Think of the Gallagher Amendment like a balancing scale. On one side are residential property values. On the other, non-residential values, such as commercial properties and minerals, like oil and gas. Residential property values can’t exceed roughly 45% of the statewide tax base. So when home values rise, or non-residential values fall, it tips the scales out of balance, and residential taxes are cut.

In the 2020 assessment cycle, oil and gas values are expected to drop by 36%, and commercial values are projected to drop 20%, according to Tuesday’s report from the Division of Property Taxation. Residential property values — which so far, have held relatively steady amid the broader malaise — are projected to increase 10% over the last assessment from two years earlier.

This would cause the residential assessment rate to fall from 7.15% to 5.88% during the next reassessment cycle. That represents a nearly 18% drop in residential property taxes, the largest cut since it fell by 19% in the 1995-96 assessment cycle, and the second-largest cut in the history of Gallagher, which was adopted by Colorado voters in 1982.

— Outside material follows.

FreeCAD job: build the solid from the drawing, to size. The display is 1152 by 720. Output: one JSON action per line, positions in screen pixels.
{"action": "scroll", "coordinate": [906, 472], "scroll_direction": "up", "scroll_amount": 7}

In some ways, it could be the nightmare scenario for local governance in Colorado: a massive tax cut driven by rising home values and plummeting business activity, followed by a drop in the very home values that necessitated the cut in the first place, if the downturn later extends to the housing market. And because of Colorado’s Taxpayer’s Bill of Rights, all tax cuts are permanent without voter approval to reverse them.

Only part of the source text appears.